# List of all HD and Blu-Ray Movies



## Guest

I've gone to several web sites and can't find a place that lists all the movie releases in one long format for both Blu-ray or HD DVD. 

Anyone know of such a list that exists anywhere.
One can go to many sites such as Sony Blu-Ray that will list all the movies in segments, but you have to first pick a category or a release date or studio. 

I don’t want to see just the horrors or comedies, I want the whole kitten caboodle so I can import and sort alphabetically. Then start to check off which ones I have and which I need. 

I'm also interested in building my collection and I'm getting movies for an average of $14 to $18...so if anyone has anything to offer, contact me.


----------



## hddummy

I can't vouch for completeness or accuracy, but it is something.

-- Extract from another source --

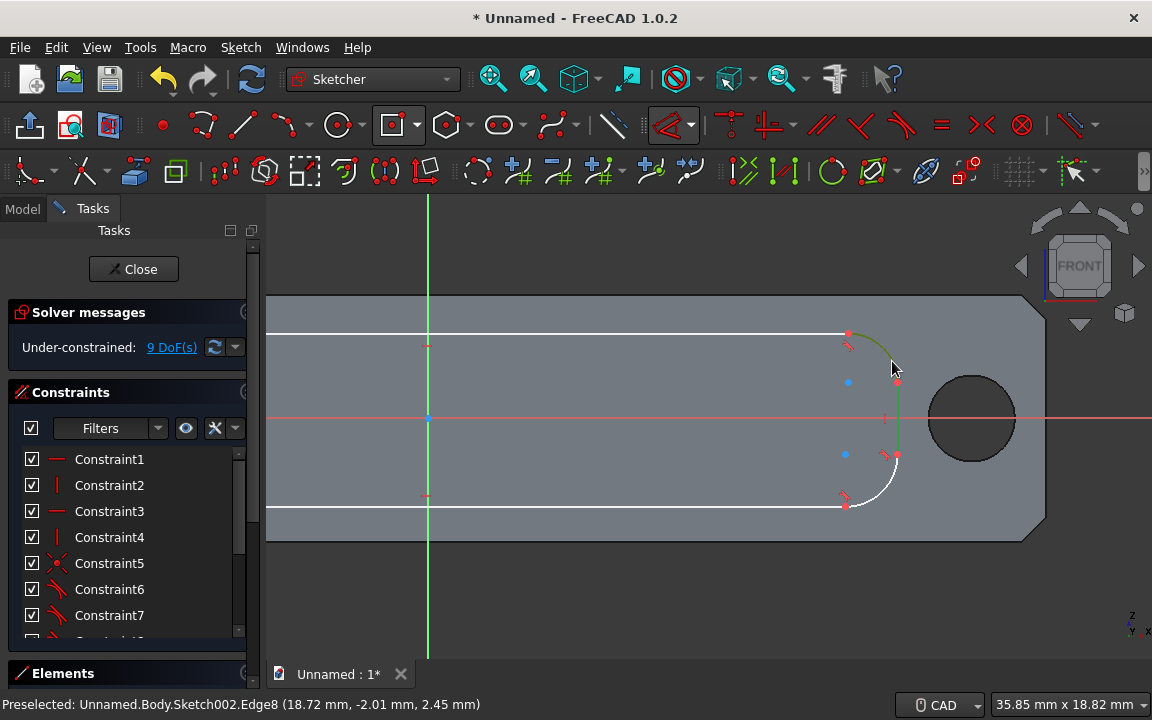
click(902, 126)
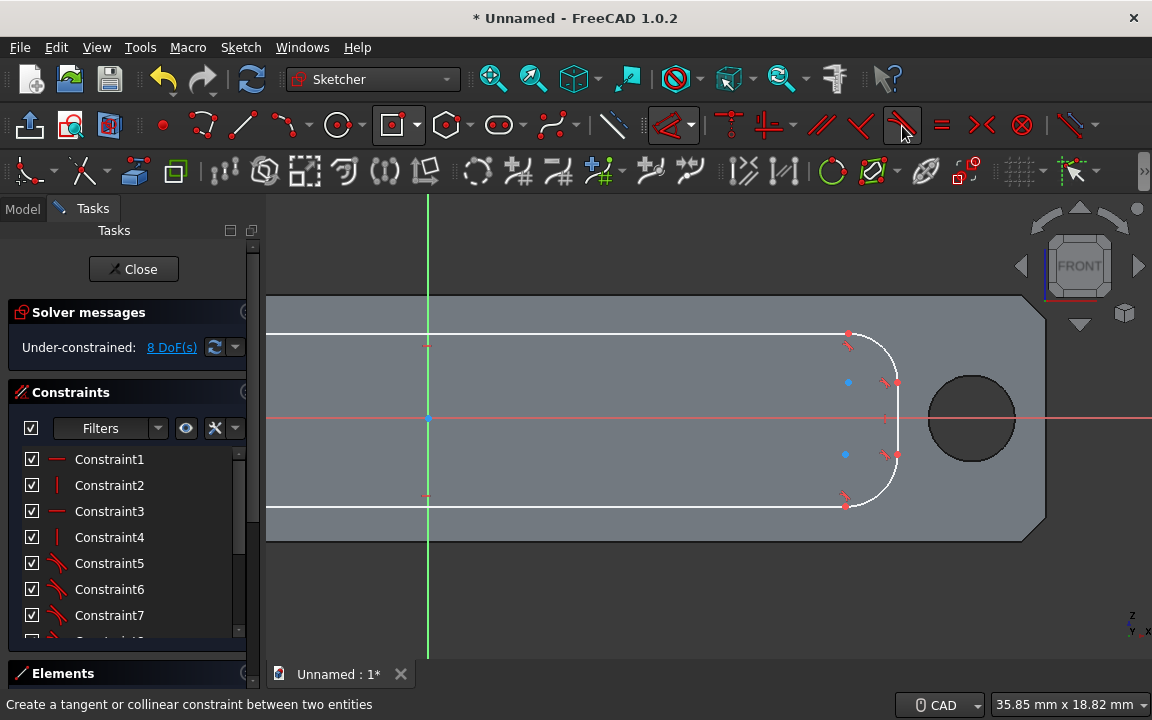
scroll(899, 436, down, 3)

http://mysite.verizon.net/ruvic/bluray-audio.htm


----------



## Guest

excellent reply, this takes care of them all


----------



## BruZZi

hddummy said:


> I can't vouch for completeness or accuracy, but it is something...



Thanks for the link.


----------



## SNAP

BruZZi said:


> Thanks for the link.


That a good list but it hasnt been updated since Feb. of this year.

http://www.highdefdigest.com/

This site should have all of them plus reviews as well and links to buy them.


----------